Dave must be popular at work, saying bang all the time while he's working on stuff lol
I have a question.
What if we exchange the LT3080 for a TIP122 and modify the voltage control loop like this:
- the 1k that went to adjust goes to base
- the 12k that also went to adjust goes to emiter (and emiter becomes the regulator output)
- collector goes to VCC
No other circuit changes.
Would it still work? In my mind it seems like it should? Of course we are left with no thermal protection. But voltage and current adjust should work, right?
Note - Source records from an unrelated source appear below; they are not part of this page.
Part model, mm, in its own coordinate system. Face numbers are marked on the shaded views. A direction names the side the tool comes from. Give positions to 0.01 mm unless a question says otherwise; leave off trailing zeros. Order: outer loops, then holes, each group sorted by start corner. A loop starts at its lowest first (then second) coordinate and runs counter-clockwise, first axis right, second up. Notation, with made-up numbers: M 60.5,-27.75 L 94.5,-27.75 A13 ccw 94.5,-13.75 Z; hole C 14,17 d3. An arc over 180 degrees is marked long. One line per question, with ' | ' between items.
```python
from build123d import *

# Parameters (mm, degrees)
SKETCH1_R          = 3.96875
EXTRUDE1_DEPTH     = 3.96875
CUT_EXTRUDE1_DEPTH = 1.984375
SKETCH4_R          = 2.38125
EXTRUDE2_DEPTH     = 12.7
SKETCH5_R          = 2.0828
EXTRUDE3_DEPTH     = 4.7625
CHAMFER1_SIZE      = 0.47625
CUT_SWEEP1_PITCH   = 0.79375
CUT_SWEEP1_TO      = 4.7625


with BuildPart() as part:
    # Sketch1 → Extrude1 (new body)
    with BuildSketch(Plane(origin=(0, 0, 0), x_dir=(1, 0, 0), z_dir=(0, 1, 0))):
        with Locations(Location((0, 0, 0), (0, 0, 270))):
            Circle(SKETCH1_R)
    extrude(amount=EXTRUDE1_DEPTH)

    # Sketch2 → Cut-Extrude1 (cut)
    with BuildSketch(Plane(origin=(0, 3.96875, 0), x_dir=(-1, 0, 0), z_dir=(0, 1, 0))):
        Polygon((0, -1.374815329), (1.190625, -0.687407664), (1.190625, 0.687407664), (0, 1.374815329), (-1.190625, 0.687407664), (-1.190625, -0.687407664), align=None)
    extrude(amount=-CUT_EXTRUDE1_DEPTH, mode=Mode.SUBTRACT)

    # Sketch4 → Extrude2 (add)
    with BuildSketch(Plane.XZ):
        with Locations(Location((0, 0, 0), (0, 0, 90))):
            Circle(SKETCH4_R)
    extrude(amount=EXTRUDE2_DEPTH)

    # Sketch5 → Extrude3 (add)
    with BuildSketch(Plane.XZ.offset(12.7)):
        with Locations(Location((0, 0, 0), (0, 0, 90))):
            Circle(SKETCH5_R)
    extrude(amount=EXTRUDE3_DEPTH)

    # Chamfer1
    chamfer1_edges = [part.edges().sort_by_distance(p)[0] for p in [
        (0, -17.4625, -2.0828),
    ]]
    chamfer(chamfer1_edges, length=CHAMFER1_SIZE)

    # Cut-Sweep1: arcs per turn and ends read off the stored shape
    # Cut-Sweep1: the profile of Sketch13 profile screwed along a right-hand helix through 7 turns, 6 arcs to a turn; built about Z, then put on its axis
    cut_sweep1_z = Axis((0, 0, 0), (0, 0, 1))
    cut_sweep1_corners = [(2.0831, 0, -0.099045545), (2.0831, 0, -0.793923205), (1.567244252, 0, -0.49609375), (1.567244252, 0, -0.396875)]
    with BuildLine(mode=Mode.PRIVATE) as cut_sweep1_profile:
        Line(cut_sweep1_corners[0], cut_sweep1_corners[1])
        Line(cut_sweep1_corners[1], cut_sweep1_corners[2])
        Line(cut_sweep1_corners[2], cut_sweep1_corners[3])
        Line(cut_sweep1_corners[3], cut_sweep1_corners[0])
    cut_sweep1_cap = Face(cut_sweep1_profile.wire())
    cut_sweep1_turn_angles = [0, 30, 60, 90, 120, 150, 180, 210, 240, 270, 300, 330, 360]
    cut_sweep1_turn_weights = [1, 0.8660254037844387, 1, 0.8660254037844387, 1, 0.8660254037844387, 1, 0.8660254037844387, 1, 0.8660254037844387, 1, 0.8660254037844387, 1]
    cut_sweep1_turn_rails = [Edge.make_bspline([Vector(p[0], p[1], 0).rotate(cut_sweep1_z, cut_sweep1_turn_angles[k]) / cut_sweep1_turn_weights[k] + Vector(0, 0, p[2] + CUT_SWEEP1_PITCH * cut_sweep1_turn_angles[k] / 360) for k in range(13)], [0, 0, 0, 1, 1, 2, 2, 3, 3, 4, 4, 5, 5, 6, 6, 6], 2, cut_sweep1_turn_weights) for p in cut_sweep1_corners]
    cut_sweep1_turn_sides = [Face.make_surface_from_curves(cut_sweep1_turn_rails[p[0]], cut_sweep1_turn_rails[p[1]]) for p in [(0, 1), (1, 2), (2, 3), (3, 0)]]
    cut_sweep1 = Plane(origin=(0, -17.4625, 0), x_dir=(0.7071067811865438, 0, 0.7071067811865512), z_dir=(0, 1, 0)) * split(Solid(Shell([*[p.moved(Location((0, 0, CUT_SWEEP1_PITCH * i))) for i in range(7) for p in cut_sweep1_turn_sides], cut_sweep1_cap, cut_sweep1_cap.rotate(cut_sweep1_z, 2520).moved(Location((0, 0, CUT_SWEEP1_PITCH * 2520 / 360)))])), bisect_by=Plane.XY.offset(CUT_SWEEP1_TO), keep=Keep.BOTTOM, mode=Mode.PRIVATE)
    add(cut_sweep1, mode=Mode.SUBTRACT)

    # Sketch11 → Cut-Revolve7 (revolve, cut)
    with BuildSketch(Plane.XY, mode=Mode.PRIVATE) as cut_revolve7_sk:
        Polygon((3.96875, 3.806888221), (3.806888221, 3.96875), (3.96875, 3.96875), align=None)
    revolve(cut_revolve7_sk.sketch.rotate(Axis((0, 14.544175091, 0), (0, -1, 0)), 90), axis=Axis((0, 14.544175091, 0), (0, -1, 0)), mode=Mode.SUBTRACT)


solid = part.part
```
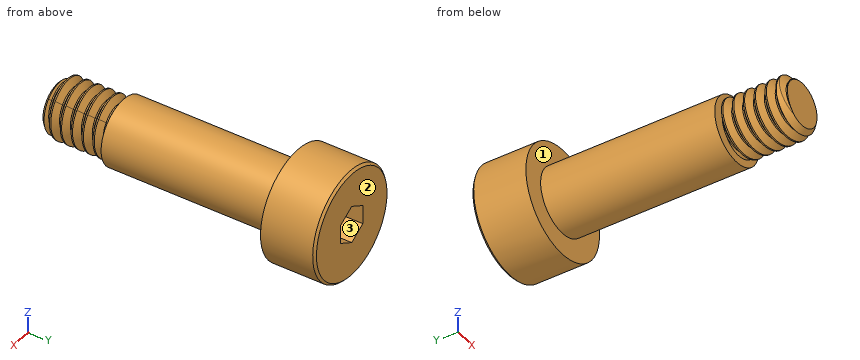
1. Tool access for the marked faces 1, 2 and 3: list every direction of +Z, -Z, +X, -X, +Y, -Y with a clear straight run to the whole face (end or side of a thin tool).
Worked out:
face 1: -Y | face 2: +Z, -Z, +X, -X, +Y | face 3: +Y
2. Slice it at A-A on y = -6. Give the cut face in (x, z), then the cut area to 3 significant figures.
Worked out:
outline: C 0,0 d4.76 | area: 17.8 mm2
3. Probe L1, parallel to Y at x = 1.5, z = -1.25; L2, parallel to Y at x = -0.25, z = -2.5; L3, parallel to Y at x = -2.25, z = -0.5. List the from-to ranges inside material, lowest first. Write a range as from..to.
Worked out:
L1: y = -16.66..-16.41, -15.86..-15.61, -15.07..-14.82, -14.28..-14.03, -13.48..-13.23, -12.7..3.97 | L2: y = 0..3.97 | L3: y = -12.7..3.97
4. Drop flat-ended pins along their axis: pin 1 (0.7 mm diameter, centred on x = -0.5, z = 0.5, fed in from +Y); pin 2 (1 mm diameter, centred on y = -13, z = 0.5, fed in from -X). Give the stop position or say it passes through.
Worked out:
pin 1: stops at y = 1.98 | pin 2: stops at x = -2.38

The question is based on a problem with availability of LT3080 for me (or rather it's price is not friendly and in comparison I can fry TIP122's all day long).
The TIP122 is a transistor, not a voltage regulator. It doesn't operate like the LT3080
Harald Sangvik Well, I do believe you are fundamentally wrong. The way I proposed to connect the transistor was a emitter follower, with a modification to the control loop. The regulator in it self also has some kind of transistor that is the pass element.
Idea was to scrap the expensive part and exchange it for a cheap one.
Reread my previous post. And if you can't understand it - try simulating it.
You would need to pay more attention to regulation, where a regulator will do everything for you.
I will design this circuit using a LM338 and a NE555 negative voltage rail for going down to 0 volts.
Should be good for 15V 3A using a laptop brick as a power supply
Harald Sangvik Nice hack idea. But no current limit?
Just finished building it.
Yes, it has current limit. Had to do some dicking around with the current limit cicruit.
Had to drive both the current limit opamp and sinking the control pin to negative, otherwise it would current limit at 1.25 volts.
It goes all the way down to 0 with a 300 ohm resistor attached. Haven't received the lm334 yet.
Everything is made using jellybean parts, LM338, LM358 and NE555. Except for the voltage reference. Used a REF02 5v reference for that.
I have also added an arduino Nano for reading the voltage and current, and maybe logging, wireless etc.
To get the negative 1,25 volts, i fed the 5v reference into the inverting input of an opamp, and a 6,8k resistor to the pot.
I have also ordered an AD620, to see if i can get even more accuracy out of it
Amazing Video, Merry Christmas Dave!!! (in Advance)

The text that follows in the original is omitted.